[INPUT — start]

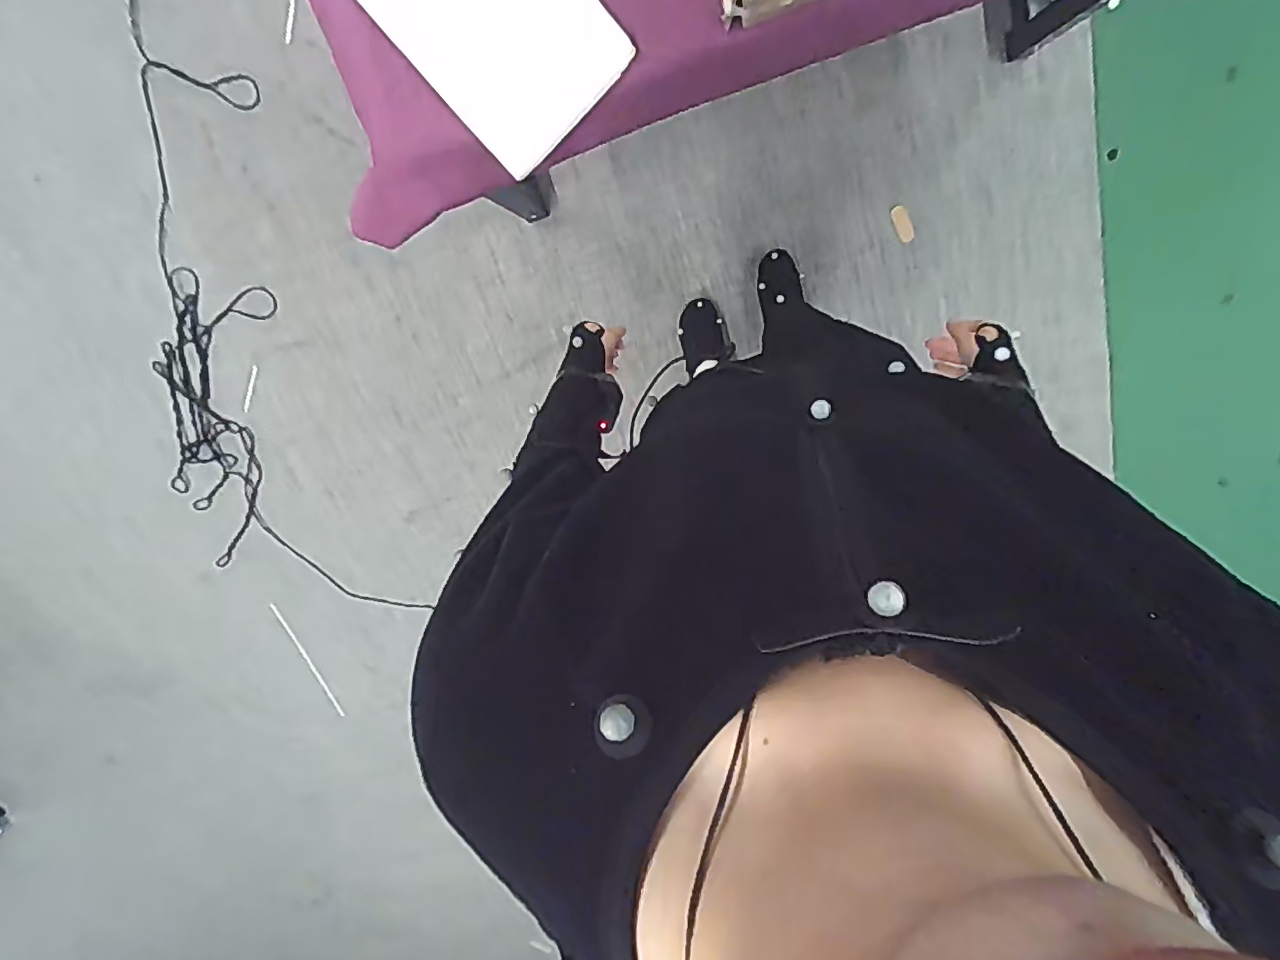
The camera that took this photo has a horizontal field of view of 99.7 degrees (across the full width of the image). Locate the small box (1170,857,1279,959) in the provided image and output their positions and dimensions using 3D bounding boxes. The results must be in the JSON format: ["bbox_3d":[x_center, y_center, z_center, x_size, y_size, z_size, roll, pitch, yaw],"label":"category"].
[{"bbox_3d":[1.338,0.989,1.194,0.179,0.176,0.168,-31,103,11],"label":"small box"}]

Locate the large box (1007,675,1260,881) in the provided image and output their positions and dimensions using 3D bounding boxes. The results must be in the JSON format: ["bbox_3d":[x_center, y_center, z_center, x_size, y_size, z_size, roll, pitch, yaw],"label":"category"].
[{"bbox_3d":[1.402,0.853,1.576,0.408,0.320,0.320,-31,105,10],"label":"large box"}]

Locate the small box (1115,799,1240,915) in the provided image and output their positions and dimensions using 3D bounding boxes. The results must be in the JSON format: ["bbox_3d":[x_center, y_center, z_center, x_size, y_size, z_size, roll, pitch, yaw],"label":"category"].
[{"bbox_3d":[1.347,0.936,1.349,0.168,0.176,0.179,-30,104,12],"label":"small box"}]
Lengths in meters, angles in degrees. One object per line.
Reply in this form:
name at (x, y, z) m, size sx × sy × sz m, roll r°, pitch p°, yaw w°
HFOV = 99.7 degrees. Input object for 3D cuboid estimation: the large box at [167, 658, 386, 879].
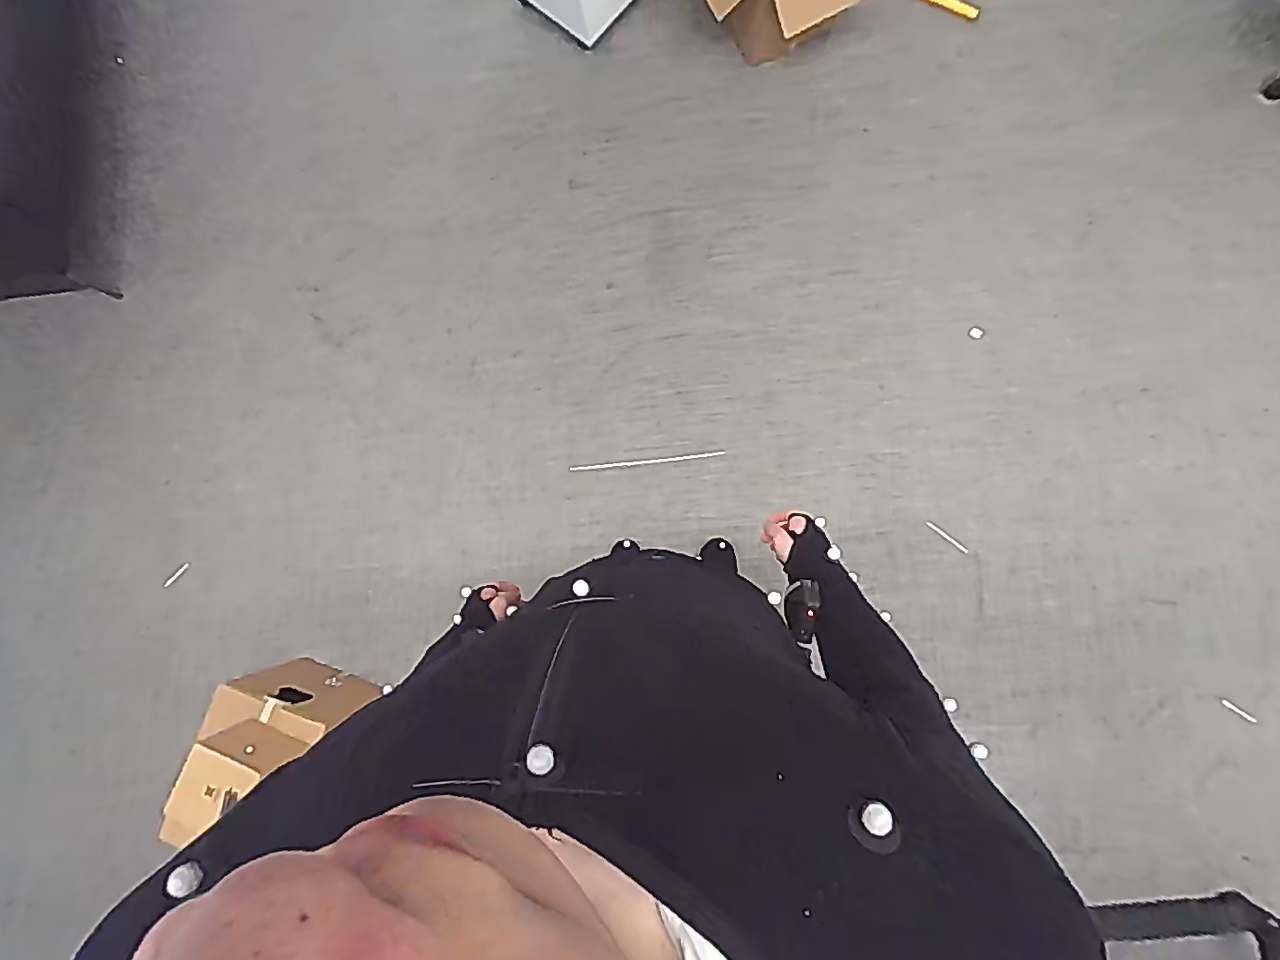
large box at (-0.978, 0.767, 1.505) m, size 0.320 × 0.320 × 0.408 m, roll 18°, pitch 86°, yaw 6°

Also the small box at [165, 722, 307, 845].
small box at (-0.928, 0.694, 1.262) m, size 0.179 × 0.176 × 0.168 m, roll 22°, pitch 86°, yaw 4°

[INPUT — finish]

WORK TO COMPLETE:
The copy should start at the line that contains "Locate the small box (1115,799,1240,915)", end at the last line of the entries above, and match each line exactly, with pictures dropped.

RESPONSE TO THIS TASK:
Locate the small box (1115,799,1240,915) in the provided image and output their positions and dimensions using 3D bounding boxes. The results must be in the JSON format: ["bbox_3d":[x_center, y_center, z_center, x_size, y_size, z_size, roll, pitch, yaw],"label":"category"].
[{"bbox_3d":[1.347,0.936,1.349,0.168,0.176,0.179,-30,104,12],"label":"small box"}]
Lengths in meters, angles in degrees. One object per line.
Reply in this form:
name at (x, y, z) m, size sx × sy × sz m, roll r°, pitch p°, yaw w°
HFOV = 99.7 degrees. Input object for 3D cuboid estimation: the large box at [167, 658, 386, 879].
large box at (-0.978, 0.767, 1.505) m, size 0.320 × 0.320 × 0.408 m, roll 18°, pitch 86°, yaw 6°

Also the small box at [165, 722, 307, 845].
small box at (-0.928, 0.694, 1.262) m, size 0.179 × 0.176 × 0.168 m, roll 22°, pitch 86°, yaw 4°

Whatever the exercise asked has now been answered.